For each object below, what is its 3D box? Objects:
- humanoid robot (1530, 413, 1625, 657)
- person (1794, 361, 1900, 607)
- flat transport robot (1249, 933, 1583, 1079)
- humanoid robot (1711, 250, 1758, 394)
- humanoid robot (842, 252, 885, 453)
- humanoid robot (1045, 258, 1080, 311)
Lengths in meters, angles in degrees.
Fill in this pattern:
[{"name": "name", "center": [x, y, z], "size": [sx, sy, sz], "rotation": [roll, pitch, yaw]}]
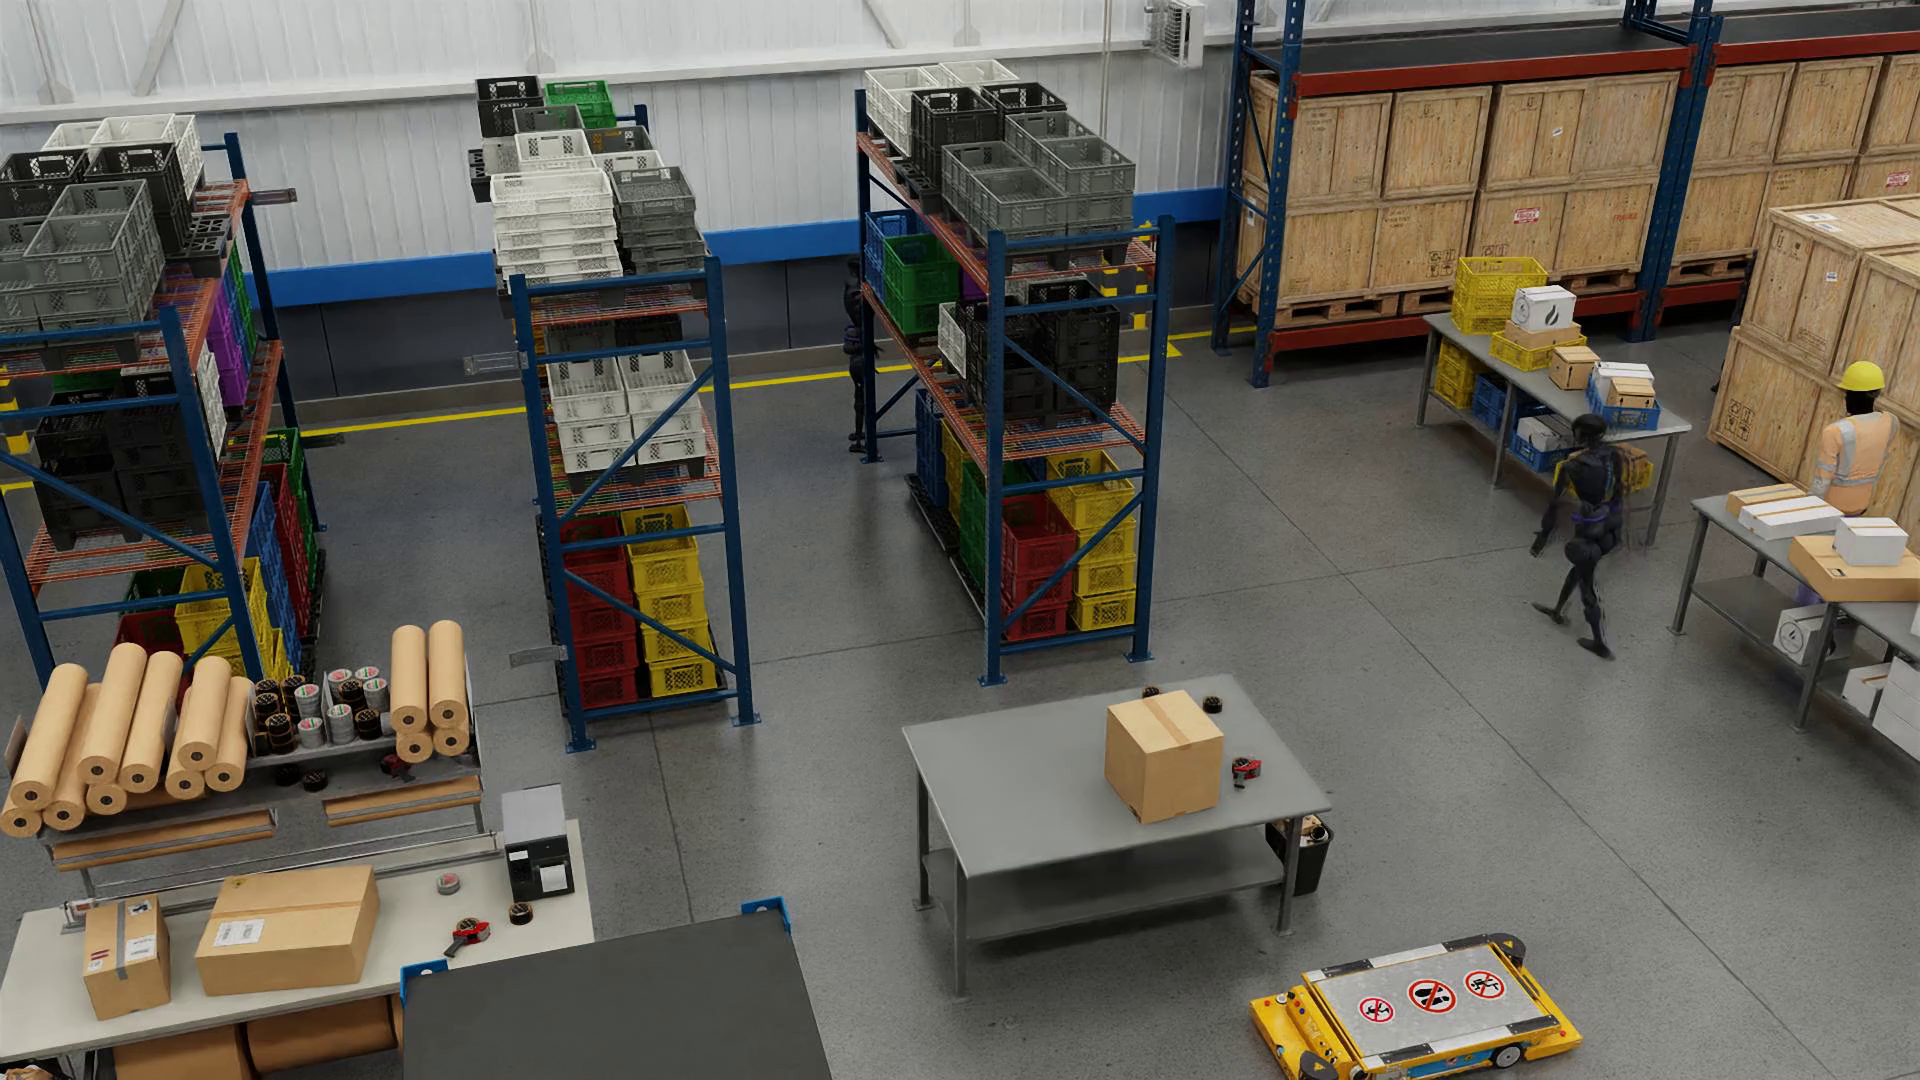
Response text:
[{"name": "humanoid robot", "center": [4.096, -0.055, 10.834], "size": [0.589, 1.622, 0.706], "rotation": [-20, 34, -32]}, {"name": "person", "center": [5.752, -0.264, 10.928], "size": [0.584, 1.919, 0.370], "rotation": [-11, 31, -19]}, {"name": "flat transport robot", "center": [2.184, 2.282, 7.980], "size": [1.431, 0.197, 0.652], "rotation": [-8, 30, -14]}, {"name": "humanoid robot", "center": [6.909, -1.992, 14.330], "size": [0.599, 1.648, 0.362], "rotation": [-5, 29, -9]}, {"name": "humanoid robot", "center": [-0.774, -1.525, 13.461], "size": [0.330, 1.657, 0.586], "rotation": [-1, 29, -1]}, {"name": "humanoid robot", "center": [0.750, -1.944, 14.221], "size": [0.592, 1.657, 0.326], "rotation": [3, 29, 6]}]
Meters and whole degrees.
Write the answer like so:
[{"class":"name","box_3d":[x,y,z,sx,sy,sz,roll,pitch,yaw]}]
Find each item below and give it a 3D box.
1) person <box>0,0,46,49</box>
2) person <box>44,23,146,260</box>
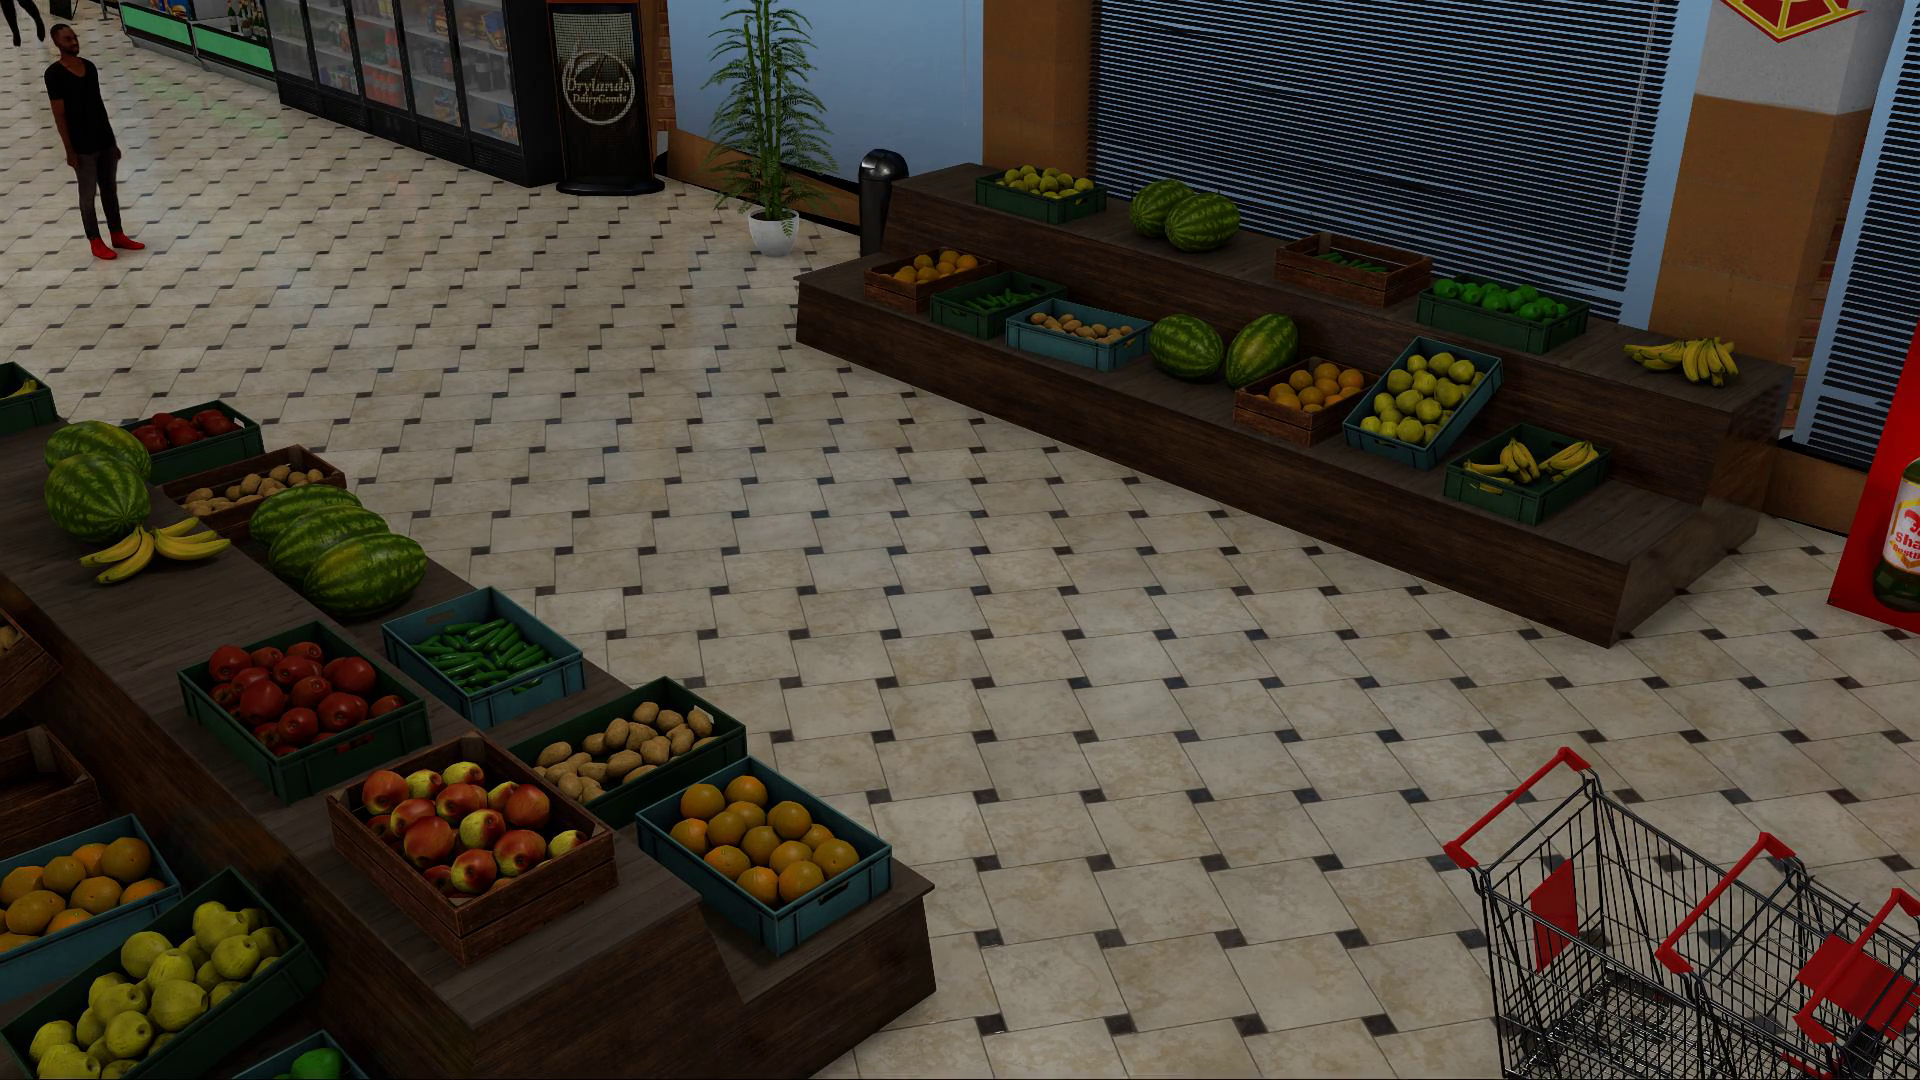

__________________________________________________

Task directions
Every line from the data above that contains "below" must appear in the answer.

Written reply
For each object below, what is its 3D box? Objects:
Find each item below and give it a 3D box.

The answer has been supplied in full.